Short & sweet: an overnight stopover & harvest in Portugal at L’AND Vineyards, Alentejo

The Guardian’s Fiona Beckett kindly flipped my way an invite to L’AND Vineyards in Evora, Alentejo, Portugal and, last Friday, I participated in a spot of harvesting.

Owner Sousa Cunhal Group’s Jose Cunhal Sendim says wine is the driver, but it’s more accurate to say it’s the point of difference.  Unlike Quinta da Amoreira da Torre, his family’s organically certified vineyard, L’AND isn’t just a vineyard, it’s also a cutting edge design, energy efficient resort. 

Of its 66 acres, 12 acres are under vine.  The rest is home to clusters of private villas and a luxury small hotel and spa (pictured), which opened in April this year.  It’s a pity that the perimeter of the estate is still under development, but the hotel’s stunning design and landscaped gardens compensate for poor first impressions. 

While I suspect most guests will drool over the original pieces of furniture and interior design, this geek’s breath was plain taken away by the pocket-sized winery shoe-horned into the hotel’s atrium. Turning the corner from the sophisticatedly clubby lobby into the light and airy reception, I couldn’t have been more surprised to discover the winemaking team hard at it next door, shovelling just harvested Alicante Bouschet into a fermentation tank (pictured).  I’m not sure how long those walls will stay white!

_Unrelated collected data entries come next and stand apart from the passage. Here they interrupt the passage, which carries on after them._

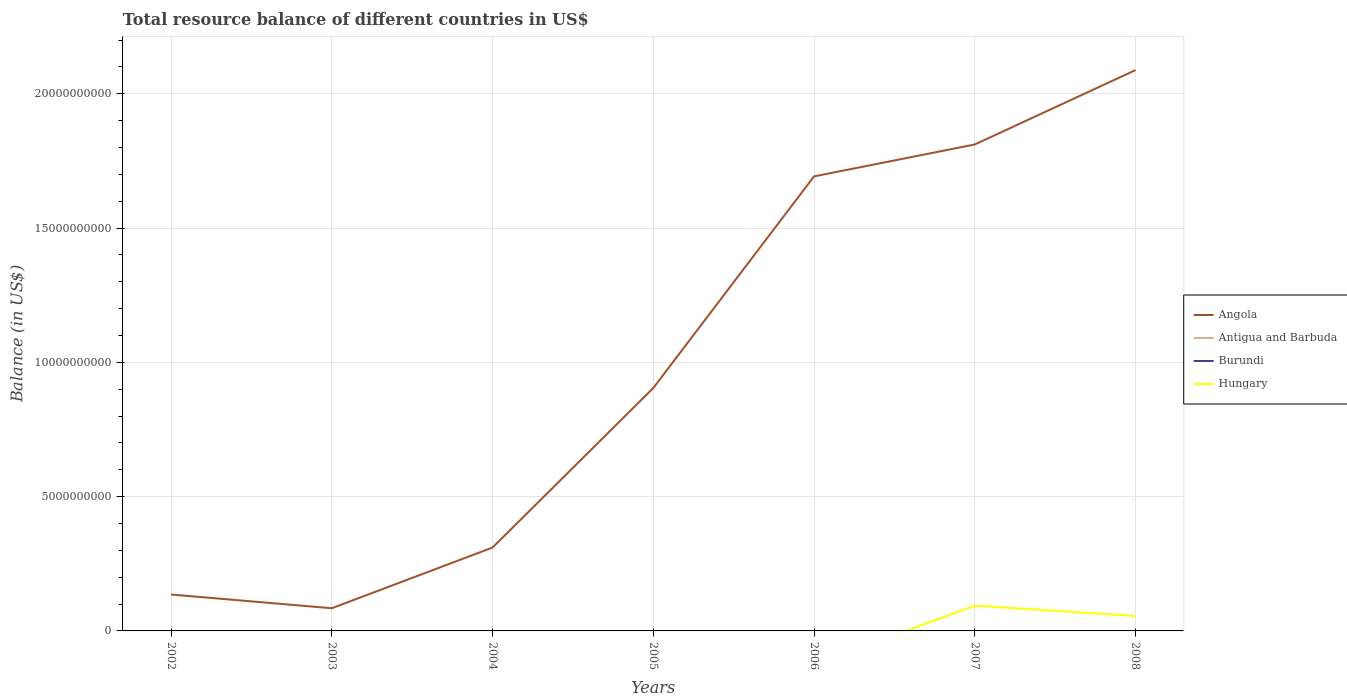How many different coloured lines are there?
Your answer should be very brief. 2. Does the line corresponding to Burundi intersect with the line corresponding to Hungary?
Provide a succinct answer. Yes. Is the number of lines equal to the number of legend labels?
Provide a succinct answer. No. Across all years, what is the maximum total resource balance in Antigua and Barbuda?
Keep it short and to the point. 0. What is the total total resource balance in Angola in the graph?
Ensure brevity in your answer.  -1.95e+1. What is the difference between the highest and the second highest total resource balance in Angola?
Provide a short and direct response. 2.00e+1. Is the total resource balance in Angola strictly greater than the total resource balance in Antigua and Barbuda over the years?
Keep it short and to the point. No. How many years are there in the graph?
Make the answer very short. 7. What is the difference between two consecutive major ticks on the Y-axis?
Ensure brevity in your answer.  5.00e+09. Are the values on the major ticks of Y-axis written in scientific E-notation?
Offer a terse response. No. Does the graph contain grids?
Keep it short and to the point. Yes. How many legend labels are there?
Your answer should be very brief. 4. How are the legend labels stacked?
Provide a succinct answer. Vertical. What is the title of the graph?
Give a very brief answer. Total resource balance of different countries in US$. What is the label or title of the X-axis?
Provide a succinct answer. Years. What is the label or title of the Y-axis?
Offer a very short reply. Balance (in US$). What is the Balance (in US$) in Angola in 2002?
Offer a very short reply. 1.36e+09. What is the Balance (in US$) in Antigua and Barbuda in 2002?
Offer a very short reply. 0. What is the Balance (in US$) of Hungary in 2002?
Your answer should be compact. 0. What is the Balance (in US$) in Angola in 2003?
Make the answer very short. 8.45e+08. What is the Balance (in US$) of Burundi in 2003?
Your answer should be very brief. 0. What is the Balance (in US$) in Angola in 2004?
Make the answer very short. 3.10e+09. What is the Balance (in US$) of Antigua and Barbuda in 2004?
Your answer should be compact. 0. What is the Balance (in US$) of Angola in 2005?
Offer a terse response. 9.04e+09. What is the Balance (in US$) in Hungary in 2005?
Provide a short and direct response. 0. What is the Balance (in US$) of Angola in 2006?
Provide a succinct answer. 1.69e+1. What is the Balance (in US$) in Antigua and Barbuda in 2006?
Your response must be concise. 0. What is the Balance (in US$) of Burundi in 2006?
Give a very brief answer. 0. What is the Balance (in US$) of Hungary in 2006?
Give a very brief answer. 0. What is the Balance (in US$) in Angola in 2007?
Your response must be concise. 1.81e+1. What is the Balance (in US$) in Antigua and Barbuda in 2007?
Ensure brevity in your answer.  0. What is the Balance (in US$) of Burundi in 2007?
Keep it short and to the point. 0. What is the Balance (in US$) of Hungary in 2007?
Offer a terse response. 9.41e+08. What is the Balance (in US$) of Angola in 2008?
Provide a short and direct response. 2.09e+1. What is the Balance (in US$) of Antigua and Barbuda in 2008?
Offer a very short reply. 0. What is the Balance (in US$) in Burundi in 2008?
Offer a terse response. 0. What is the Balance (in US$) of Hungary in 2008?
Keep it short and to the point. 5.55e+08. Across all years, what is the maximum Balance (in US$) in Angola?
Provide a succinct answer. 2.09e+1. Across all years, what is the maximum Balance (in US$) in Hungary?
Provide a short and direct response. 9.41e+08. Across all years, what is the minimum Balance (in US$) of Angola?
Ensure brevity in your answer.  8.45e+08. Across all years, what is the minimum Balance (in US$) of Hungary?
Provide a succinct answer. 0. What is the total Balance (in US$) in Angola in the graph?
Provide a short and direct response. 7.03e+1. What is the total Balance (in US$) of Burundi in the graph?
Provide a short and direct response. 0. What is the total Balance (in US$) of Hungary in the graph?
Offer a terse response. 1.50e+09. What is the difference between the Balance (in US$) in Angola in 2002 and that in 2003?
Give a very brief answer. 5.11e+08. What is the difference between the Balance (in US$) in Angola in 2002 and that in 2004?
Give a very brief answer. -1.75e+09. What is the difference between the Balance (in US$) in Angola in 2002 and that in 2005?
Keep it short and to the point. -7.69e+09. What is the difference between the Balance (in US$) of Angola in 2002 and that in 2006?
Provide a short and direct response. -1.56e+1. What is the difference between the Balance (in US$) in Angola in 2002 and that in 2007?
Ensure brevity in your answer.  -1.68e+1. What is the difference between the Balance (in US$) of Angola in 2002 and that in 2008?
Ensure brevity in your answer.  -1.95e+1. What is the difference between the Balance (in US$) in Angola in 2003 and that in 2004?
Offer a terse response. -2.26e+09. What is the difference between the Balance (in US$) of Angola in 2003 and that in 2005?
Offer a terse response. -8.20e+09. What is the difference between the Balance (in US$) in Angola in 2003 and that in 2006?
Offer a terse response. -1.61e+1. What is the difference between the Balance (in US$) in Angola in 2003 and that in 2007?
Keep it short and to the point. -1.73e+1. What is the difference between the Balance (in US$) of Angola in 2003 and that in 2008?
Your response must be concise. -2.00e+1. What is the difference between the Balance (in US$) in Angola in 2004 and that in 2005?
Your answer should be very brief. -5.94e+09. What is the difference between the Balance (in US$) in Angola in 2004 and that in 2006?
Keep it short and to the point. -1.38e+1. What is the difference between the Balance (in US$) in Angola in 2004 and that in 2007?
Provide a short and direct response. -1.50e+1. What is the difference between the Balance (in US$) in Angola in 2004 and that in 2008?
Make the answer very short. -1.78e+1. What is the difference between the Balance (in US$) in Angola in 2005 and that in 2006?
Provide a short and direct response. -7.88e+09. What is the difference between the Balance (in US$) in Angola in 2005 and that in 2007?
Ensure brevity in your answer.  -9.07e+09. What is the difference between the Balance (in US$) in Angola in 2005 and that in 2008?
Offer a very short reply. -1.18e+1. What is the difference between the Balance (in US$) in Angola in 2006 and that in 2007?
Provide a succinct answer. -1.19e+09. What is the difference between the Balance (in US$) of Angola in 2006 and that in 2008?
Your response must be concise. -3.96e+09. What is the difference between the Balance (in US$) of Angola in 2007 and that in 2008?
Your answer should be compact. -2.77e+09. What is the difference between the Balance (in US$) of Hungary in 2007 and that in 2008?
Make the answer very short. 3.87e+08. What is the difference between the Balance (in US$) of Angola in 2002 and the Balance (in US$) of Hungary in 2007?
Your answer should be very brief. 4.14e+08. What is the difference between the Balance (in US$) in Angola in 2002 and the Balance (in US$) in Hungary in 2008?
Provide a succinct answer. 8.01e+08. What is the difference between the Balance (in US$) of Angola in 2003 and the Balance (in US$) of Hungary in 2007?
Offer a terse response. -9.68e+07. What is the difference between the Balance (in US$) of Angola in 2003 and the Balance (in US$) of Hungary in 2008?
Make the answer very short. 2.90e+08. What is the difference between the Balance (in US$) in Angola in 2004 and the Balance (in US$) in Hungary in 2007?
Make the answer very short. 2.16e+09. What is the difference between the Balance (in US$) of Angola in 2004 and the Balance (in US$) of Hungary in 2008?
Your answer should be compact. 2.55e+09. What is the difference between the Balance (in US$) in Angola in 2005 and the Balance (in US$) in Hungary in 2007?
Give a very brief answer. 8.10e+09. What is the difference between the Balance (in US$) in Angola in 2005 and the Balance (in US$) in Hungary in 2008?
Provide a short and direct response. 8.49e+09. What is the difference between the Balance (in US$) in Angola in 2006 and the Balance (in US$) in Hungary in 2007?
Your answer should be very brief. 1.60e+1. What is the difference between the Balance (in US$) in Angola in 2006 and the Balance (in US$) in Hungary in 2008?
Provide a succinct answer. 1.64e+1. What is the difference between the Balance (in US$) in Angola in 2007 and the Balance (in US$) in Hungary in 2008?
Your answer should be compact. 1.76e+1. What is the average Balance (in US$) of Angola per year?
Provide a short and direct response. 1.00e+1. What is the average Balance (in US$) of Antigua and Barbuda per year?
Ensure brevity in your answer.  0. What is the average Balance (in US$) of Burundi per year?
Your response must be concise. 0. What is the average Balance (in US$) in Hungary per year?
Make the answer very short. 2.14e+08. In the year 2007, what is the difference between the Balance (in US$) in Angola and Balance (in US$) in Hungary?
Give a very brief answer. 1.72e+1. In the year 2008, what is the difference between the Balance (in US$) in Angola and Balance (in US$) in Hungary?
Your answer should be very brief. 2.03e+1. What is the ratio of the Balance (in US$) of Angola in 2002 to that in 2003?
Make the answer very short. 1.6. What is the ratio of the Balance (in US$) in Angola in 2002 to that in 2004?
Your answer should be compact. 0.44. What is the ratio of the Balance (in US$) of Angola in 2002 to that in 2005?
Your answer should be very brief. 0.15. What is the ratio of the Balance (in US$) of Angola in 2002 to that in 2006?
Offer a very short reply. 0.08. What is the ratio of the Balance (in US$) in Angola in 2002 to that in 2007?
Give a very brief answer. 0.07. What is the ratio of the Balance (in US$) of Angola in 2002 to that in 2008?
Keep it short and to the point. 0.06. What is the ratio of the Balance (in US$) of Angola in 2003 to that in 2004?
Offer a terse response. 0.27. What is the ratio of the Balance (in US$) in Angola in 2003 to that in 2005?
Give a very brief answer. 0.09. What is the ratio of the Balance (in US$) in Angola in 2003 to that in 2006?
Offer a terse response. 0.05. What is the ratio of the Balance (in US$) of Angola in 2003 to that in 2007?
Provide a succinct answer. 0.05. What is the ratio of the Balance (in US$) in Angola in 2003 to that in 2008?
Your answer should be very brief. 0.04. What is the ratio of the Balance (in US$) of Angola in 2004 to that in 2005?
Offer a terse response. 0.34. What is the ratio of the Balance (in US$) in Angola in 2004 to that in 2006?
Keep it short and to the point. 0.18. What is the ratio of the Balance (in US$) in Angola in 2004 to that in 2007?
Keep it short and to the point. 0.17. What is the ratio of the Balance (in US$) in Angola in 2004 to that in 2008?
Offer a terse response. 0.15. What is the ratio of the Balance (in US$) in Angola in 2005 to that in 2006?
Give a very brief answer. 0.53. What is the ratio of the Balance (in US$) of Angola in 2005 to that in 2007?
Offer a terse response. 0.5. What is the ratio of the Balance (in US$) of Angola in 2005 to that in 2008?
Ensure brevity in your answer.  0.43. What is the ratio of the Balance (in US$) of Angola in 2006 to that in 2007?
Ensure brevity in your answer.  0.93. What is the ratio of the Balance (in US$) of Angola in 2006 to that in 2008?
Give a very brief answer. 0.81. What is the ratio of the Balance (in US$) in Angola in 2007 to that in 2008?
Make the answer very short. 0.87. What is the ratio of the Balance (in US$) of Hungary in 2007 to that in 2008?
Your response must be concise. 1.7. What is the difference between the highest and the second highest Balance (in US$) in Angola?
Provide a short and direct response. 2.77e+09. What is the difference between the highest and the lowest Balance (in US$) of Angola?
Ensure brevity in your answer.  2.00e+1. What is the difference between the highest and the lowest Balance (in US$) in Hungary?
Provide a succinct answer. 9.41e+08.

Thirty tiny 1000l gravity-fed stainless steel fermenters tell you that this is no ordinary winery. As well as making L’AND’s own wine with consultancy from renowned winemaker Paulo Laureano, former sommelier and resident winemaker Patricia Ramos (ex Esporao) helps L’AND’s wine club members to customise wine from their very own vineyard plot. 

Members, principally the estate’s villa owners, decide how they want their wines vinified and, within reason, which varieties to plant – a request for Gewurtztraminer didn’t fly!  It’s a grape to glass experience of which Friday night’s harvest was a fun feature.

It’s not just L’AND’s villa owners in Cunhal Sendim’s sights.  He wants to engage hotel guests too, hence the location of the winery.  A complimentary tasting led by the straight-talking but approachable Ramos (pictured) is part of the hotel package.  She also hosts a half day vineyard and winery visit which concludes with a tasting of wines matched to Portuguese cuisine with a contemporary twist. 

Judging by my beautifully balanced and presented lunches, Michel Laffan is a gifted chef.  I particularly enjoyed super-tender octopus and Setubal clams with perfectly cooked and seasoned rice, garnished with samphire and crispy seaweed.  Down the track, it’s intended that Laffan will present cookery courses too. 

As well as imbibing the fruits of the vine, guests can indulge in the Caudalie vinotherapie spa where treatments utilise estate grown grapes.  I didn’t take advantage of the spa but you don’t even have to stray from L’AND’s Sky View Suite to indulge.  Exceptionally comfortable, mine was equipped with an outdoor hot tub, impressively hewn slate bath and a rain shower with a head so large it might properly be called a storm shower!

For Cunhal Sendim, bringing together tourism, wine and food is key to raising the profile of Alentejo’s and Portugal’s table wines and winning converts.  It’s a commendable approach and I’ve been excited by the emergence of stylish modern Portuguese hotels, restaurants and cellar doors aimed at the gourmet traveller.  Given the parlous state of the economy, Portugal must do all it can to get its wines better known on the world stage.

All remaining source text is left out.